O sarcoma de Kaposi (SK) é tumor angioproliferativo causado pela infecção por herpesvírus humano‐8 (HHV‐8), frequentemente observado em pacientes imunocomprometidos, particularmente aqueles com HIV/AIDS.1 Similarmente associada ao HIV, existe a Monkey pox (Mpox), uma zoonose viral com semelhanças com a varíola, mas com sintomas mais brandos. Ganhou atenção global durante o retorno à normalidade pós‐COVID‐19 e foi declarada emergência de saúde pública de importância internacional pela Organização Mundial da Saúde em agosto de 2024.2 A Mpox tipicamente se manifesta como pródromo semelhante ao da gripe, seguido por erupção cutânea semelhante à varíola, principalmente após contato interpessoal próximo.3 Embora o SK e a Mpox tenham etiologias e apresentações clínicas distintas, eles compartilham uma conexão por meio de suas manifestações únicas em indivíduos infectados pelo HIV. Atualmente, não há relatos publicados descrevendo a coexistência, sobreposição ou interação entre essas condições. O objetivo dos autores é apresentar e discutir um caso de SK que surgiu sobre lesões prévias de Mpox.

Paciente do sexo masculino, de 22 anos, apresentou febre, astenia, cefaleia, tosse e odinofagia, seguidos por mais de 300 pústulas umbilicadas e crostas nas regiões genital, perianal e dos membros (fig. 1A). A Mpox foi confirmada por PCR a partir das superfícies das lesões, e o paciente foi diagnosticado concomitantemente com HIV. Ele necessitou de hospitalização e tratamento com tecovirimat 600mg a cada 12 horas por 14 dias. Durante a hospitalização, placas eritematovioláceas foram observadas no membro superior direito, as quais o paciente relatou existirem há mais de um ano (fig. 1B). A histopatologia confirmou a suspeita de SK, configurando AIDS. Cerca de 30 dias depois, conforme as lesões de Mpox progrediram para a fase de formação de crostas, placas violáceas apareceram na coxa esquerda sobre pústulas previamente cicatrizadas, aumentando progressivamente e desenvolvendo morfologia angiomatosa (fig. 2).

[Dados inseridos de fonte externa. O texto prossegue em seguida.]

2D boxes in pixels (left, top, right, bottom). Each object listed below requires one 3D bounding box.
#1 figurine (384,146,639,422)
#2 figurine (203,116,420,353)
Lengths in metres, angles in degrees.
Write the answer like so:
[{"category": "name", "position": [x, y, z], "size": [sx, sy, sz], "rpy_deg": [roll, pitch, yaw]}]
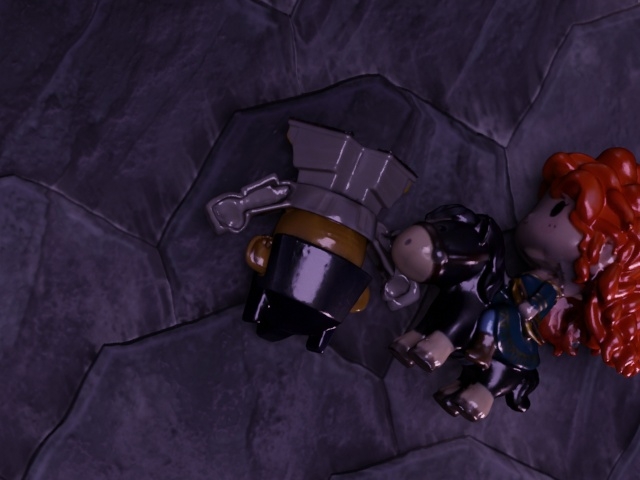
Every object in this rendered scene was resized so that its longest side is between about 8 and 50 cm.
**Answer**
[{"category": "figurine", "position": [0.274, 0.056, 1.727], "size": [0.411, 0.241, 0.306], "rpy_deg": [-16, 80, -12]}, {"category": "figurine", "position": [-0.003, -0.002, 1.722], "size": [0.308, 0.143, 0.309], "rpy_deg": [0, 77, -1]}]
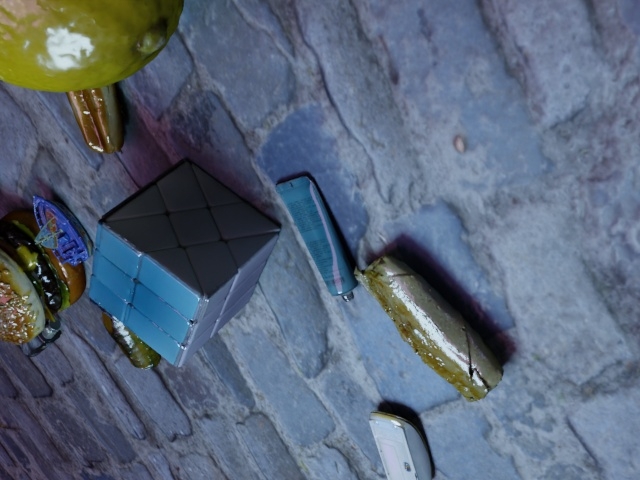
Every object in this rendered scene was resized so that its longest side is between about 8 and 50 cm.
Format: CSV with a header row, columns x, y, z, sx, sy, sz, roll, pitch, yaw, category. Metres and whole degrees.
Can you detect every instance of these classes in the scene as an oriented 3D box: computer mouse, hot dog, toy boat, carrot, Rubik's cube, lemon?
x,y,z,sx,sy,sz,roll,pitch,yaw,category
0.149,0.389,1.495,0.102,0.045,0.199,4,124,36,computer mouse
-0.396,-0.265,1.388,0.109,0.072,0.269,13,128,34,hot dog
-0.563,-0.017,1.693,0.091,0.110,0.175,-22,103,28,toy boat
-0.424,0.210,1.790,0.082,0.082,0.173,0,122,39,carrot
-0.240,0.040,1.394,0.231,0.221,0.224,36,138,10,Rubik's cube
-0.343,-0.354,1.073,0.364,0.364,0.364,22,134,24,lemon

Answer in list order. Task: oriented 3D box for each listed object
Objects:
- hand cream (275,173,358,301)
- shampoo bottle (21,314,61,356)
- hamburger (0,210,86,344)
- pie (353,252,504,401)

Foi realizada biopsia de pele, com histopatologia evidenciando estruturas vasculares irregulares com espaços em fenda e proliferação de células endoteliais, além de células fusiformes com núcleos exibindo padrões alongados e vesiculares (fig. 3). A análise imuno‐histoquímica demonstrou positividade para HHV‐8, juntamente com CD34 e ERG, confirmando o diagnóstico de SK. O paciente iniciou quimioterapia com doxorrubicina, obtendo discreta redução e melhora da coloração violácea após um ano, embora persistissem grandes nódulos anetodérmicos residuais (fig. 4). Os exames de imagem revelaram extensão para os músculos quadríceps e feixes vasculares ilíacos/femorais.

Figura 1.

Resultados da admissão de um paciente de 22 anos hospitalizado por Monkey Pox (Mpox) com diagnóstico recente de HIV. Lesões de Mpox na coxa do paciente (A) e lesões de sarcoma de Kaposi presentes antes da Mpox (B).

Figura 2.

Evolução das lesões da fase crostosa do Mpox (A) para o padrão angiomatoso (B), configurando sarcoma de Kaposi sobrepondo as cicatrizes de Mpox.

Figura 3.

Achados histopatológicos. A, Coloração de hematoxilina & eosina, 100×, mostrando espaços vasculares irregulares em forma de fenda, revestidos por células endoteliais e proliferação de células fusiformes. Colorações imuno‐histoquímicas, com aumento de 100×; positivas para herpesvírus humano tipo 8 (HHV‐8) (B), CD34 (C) e gene relacionado à ETS (ERG; D).

Figura 4.

Lesões de sarcoma de Kaposi antes (A) e depois (B) da quimioterapia.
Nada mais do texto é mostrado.